Perform hyperparameter tuning on prepared **Titanic dataset** using:
1. `GridSearchCV`
2. `RandomizedSearchCV`

Tune hyperparameters of `LogisticRegression` as follows:
- target metric: F1-score
- hyperparameters: `penalty` (either L1 or L2) and `C` between 0.01 and 10
- 8-fold CV

For both grid and randomized search check 200 combinations of hyperparameters. Pick the right `solver` and `max_iter` parameters. Note that boundaries for C hyperparameter must be the same for both approaches, but the implementation to enforce 100 combinations will be different.

Print best hyperparameters (`C` and `penalty`) for both `GridSearchCV` and`RandomizedSearchCV`. Are they similar?

Send the Jupyter notebook (with output) exported in `.html` format on email lkrain@sgh.waw.pl.

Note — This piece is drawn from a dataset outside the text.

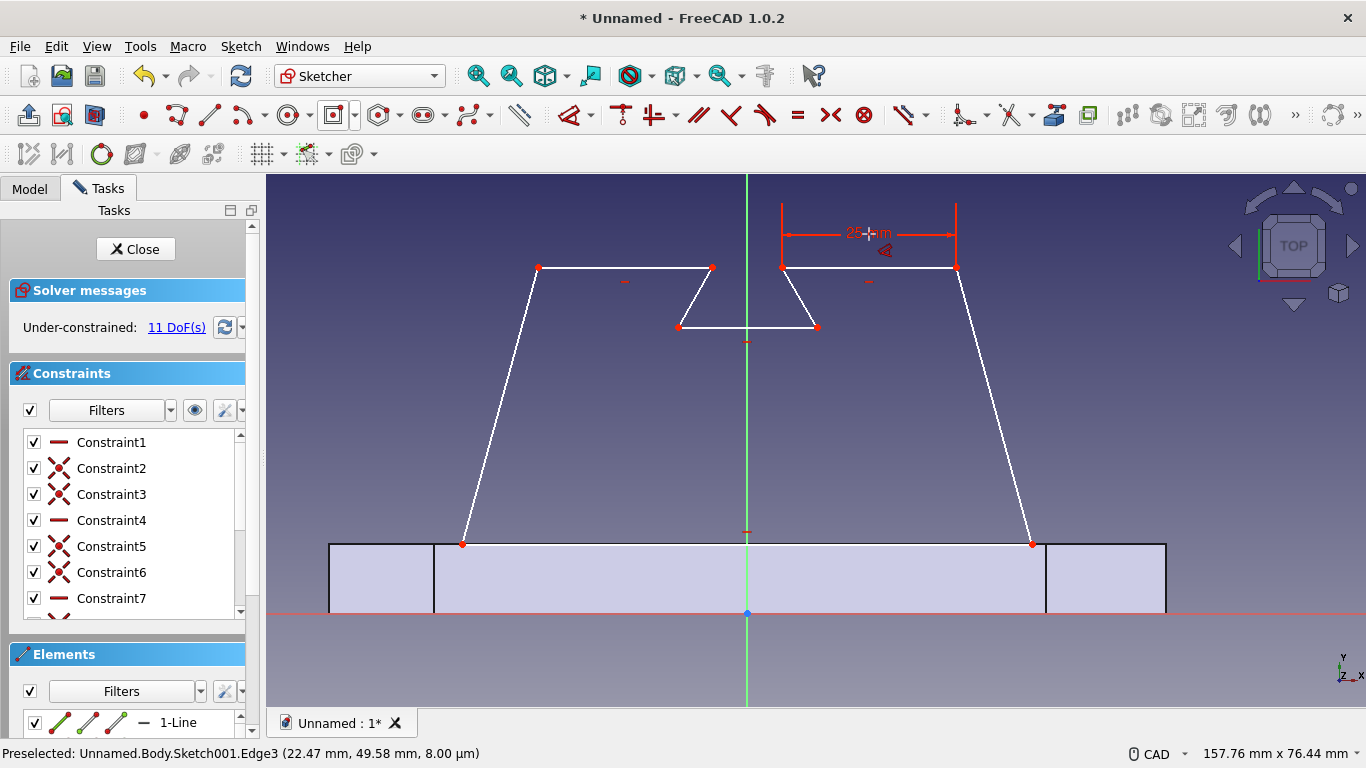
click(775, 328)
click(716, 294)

## Little data preprocessing 

In [42]:
import pandas as pd
from sklearn.model_selection import GridSearchCV, RandomizedSearchCV
from sklearn.linear_model import LogisticRegression
from sklearn.metrics import make_scorer, f1_score
from sklearn.datasets import load_iris  # Replace this with the Titanic dataset
from sklearn.model_selection import train_test_split
from scipy.stats import loguniform
import numpy as np

In [22]:
ds_titanic = pd.read_csv(
    "https://web.stanford.edu/class/archive/cs/cs109/cs109.1166/stuff/titanic.csv",
    sep=",",
    header=0,
)

In [23]:
ds_titanic['Sex'] = ds_titanic['Sex'].map({'male': 1, 'female': 0})
X= ds_titanic.drop(columns=["Survived","Name"])
y = ds_titanic.Survived
X_train, X_test, y_train, y_test = train_test_split(
    X, y, train_size=0.7, random_state=42
)

## Hyperparameter tuning

https://scikit-learn.org/stable/modules/generated/sklearn.linear_model.LogisticRegression.html#sklearn.linear_model.LogisticRegression

In [24]:
model = LogisticRegression(solver='liblinear', max_iter=1000) 

In [43]:
param_grid = {
    'penalty': ['l1', 'l2'],
    'C': np.linspace(0.01, 10, 100)
}
f1_scorer = make_scorer(f1_score)

## Grid Search 

In [44]:
#GridSearchCV
grid_search = GridSearchCV(estimator=model, param_grid=param_grid, scoring=f1_scorer, cv=8)
grid_search.fit(X_train, y_train)

## Randomized Search

In [45]:
#RandomizedSearchCV
random_param_grid = {
    'penalty': ['l1', 'l2'],
    'C': loguniform(0.01, 10)  # rozkład Log-uniform
}

In [46]:
random_search = RandomizedSearchCV(estimator=model, param_distributions=random_param_grid, n_iter=200, scoring=make_scorer(f1_score), cv=8, random_state=42)
random_search.fit(X_train, y_train)

## Final result

In [47]:
#Pokaż hiperparametry
print("GridSearchCV best params:", grid_search.best_params_)
print("RandomizedSearchCV best params:", random_search.best_params_)

GridSearchCV best params: {'C': 9.596363636363636, 'penalty': 'l1'}
RandomizedSearchCV best params: {'C': 8.341930294140777, 'penalty': 'l1'}


In [48]:
#Porównaj parametry
if grid_search.best_params_ == random_search.best_params_:
    print("The best parameters from both searches are the same.")
else:
    print("The best parameters from both searches differ.")

The best parameters from both searches differ.


In [49]:
random_search.best_score_

0.7576539022657165

In [50]:
grid_search.best_score_

0.7601340609958753

## Conclusion

So in the final results we can see that strength of regularization is lower,( the C is higher) in the case of Grid Search approach, with means model become more complex. However F1 score is tend to be the same for both approaches. Is not the same: 0.758 for Random Search and 0.76 for Grid Search. But they tend to be the same.